How to make each sent mail(by methods above) to be in ../Maildir/.Sent/cur ??


----------



## DutchDaemon (Aug 18, 2009)

Postfix is an SMTP server. The kind of solution you want (maintaining users' mailboxes) is basically handled by an IMAP server or a local delivery agent. 

Only incoming mail (destined for a local mailbox) will be routed to a user's mailbox using a local delivery agent (lmtp, mail.local, postdrop, procmail, etc.). 

But making a copy of _outbound_ email and dumping it in the _correct user_'s Maildir ... (which Postfix doesn't know about) .. I don't think so. 

That is typically something that's done by an email client over an IMAP session, or by command-line mailreaders like Mutt/Pine, etc., which can also be configured to store sent mail in a specific folder.


----------



## Seeker (Aug 18, 2009)

DutchDaemon said:
			
		

> ...But making a copy of _outbound_ email and dumping it in the _correct user_'s Maildir ... (which Postfix doesn't know about) .. I don't think so.


Ah, I see... if I wana do that, then I need to continue to use mail client.


			
				DutchDaemon said:
			
		

> That is typically something that's done by an email client over an IMAP session, or by command-line mailreaders like Mutt/Pine, etc., which can also be configured to store sent mail in a specific folder.



But how come, than, when using poppeeper, which isn't avare of sent folder.
When I send through my gmail account using poppeeper, it is stored in gmail sent folder.
But when sent through my email server using poppeeper it is not stored in sent folder.

poppeeper sends mail using only SMTP(no IMAP used when sending, which would manage mailbox and store that outbound mail into sent folder.)

Both my server and gmail are using IMAP protocol


----------



## DutchDaemon (Aug 18, 2009)

You can't easily compare Gmail/Google (which hacked together their own operating system, file system, and, very likely, smtp / imap implementations and mail delivery/storage protocols) with 'regular' applications. 

Moreover, I believe you need to authenticate to the Gmail smtp server first (if I'm not mistaken), which makes the connection between sent mail and the user's local storage much easier to attain. 

But I can assure you that there've been a lot of people writing a lot of purpose-built code for that to materialise.


----------



## Seeker (Aug 18, 2009)

Yes, authentication is a must, with google's gmail and is all over SSL / TLS.

So to summarize, I would have to pair postfix SMTP in it's config file, with handwritten (shell) script to achieve what I want. 
Right?

Each auth user (SASL), that relays through postfix SMTP, gets outbound mail copied in it's sent folder, by that custom handwritten script.


----------



## DutchDaemon (Aug 18, 2009)

Let's say that I'm not aware of any _built-in_ functionality in Postfix to clone outgoing email to the mailbox of a user.
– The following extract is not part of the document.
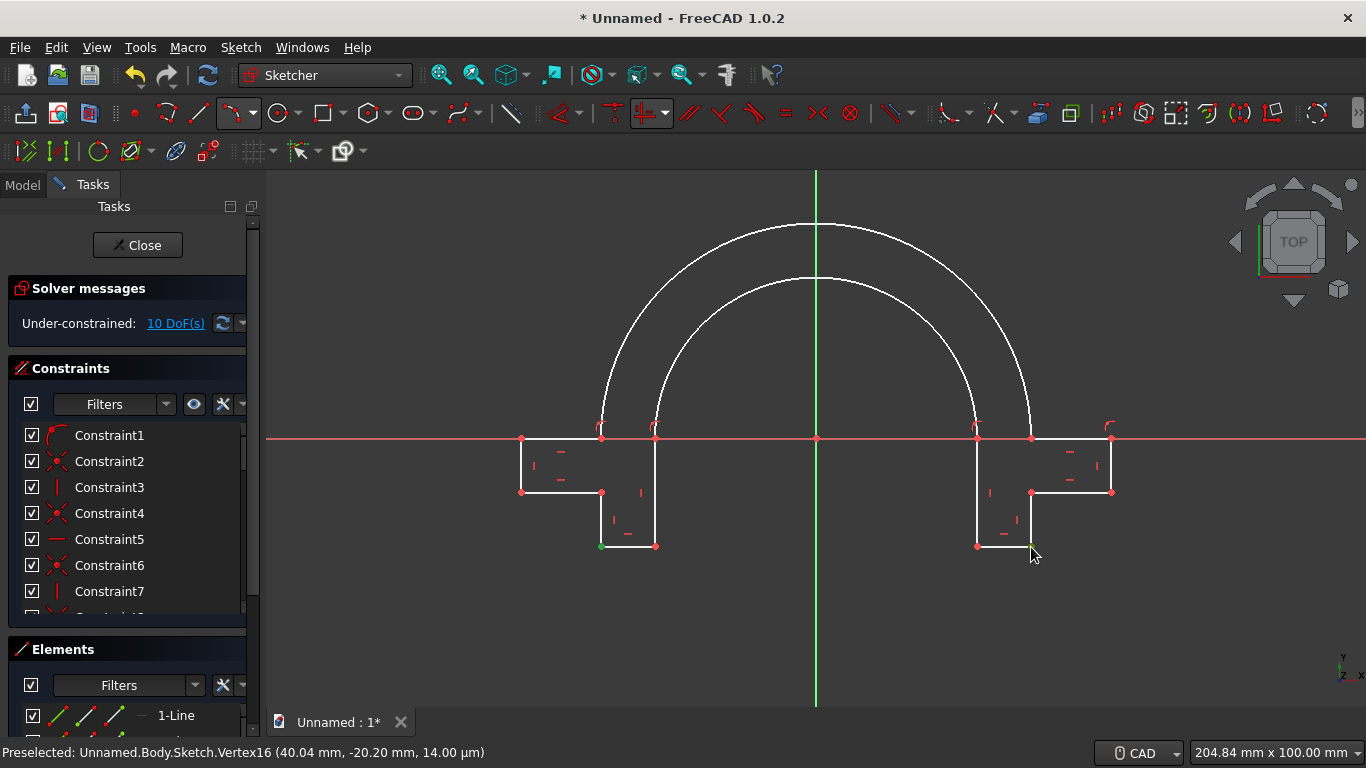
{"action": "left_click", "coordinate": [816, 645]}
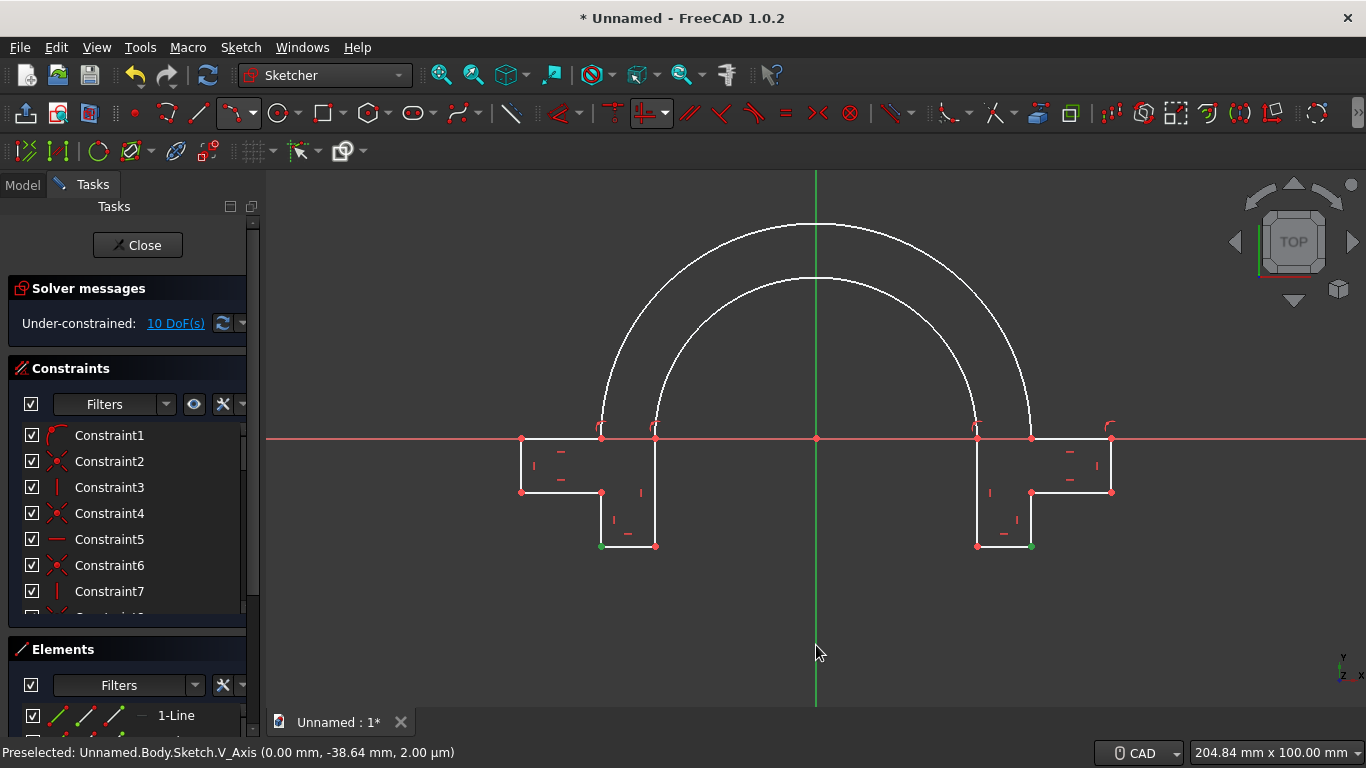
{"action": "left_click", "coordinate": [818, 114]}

There are anti-spam programs that can copy all outgoing email and send it to one account (e.g. postmaster, root), so I guess a script could be devised to intercept these cloned emails and send them to a different location, but it's likely to run under root privileges and interfere with file/mailbox ownerships and lock files. And you'd still need to know which outgoing email belongs to which user, unless there's a 100% certainty that that user is correctly identified in the Return-Path.

Make them all use webmail, I say


----------



## Seeker (Aug 18, 2009)

I am 100% certain which user "is", because they must authenticate(SASL-pam) prior to sending mail through SMTP.
Webmail or any other mail client, achieve what I want.
Thing is there is no human users on my system except me. 

Well, then I will ride on that capability of anti-spam programs to "catch" outgoing mail and do with it, whatever they/I want. 
Thanks.


----------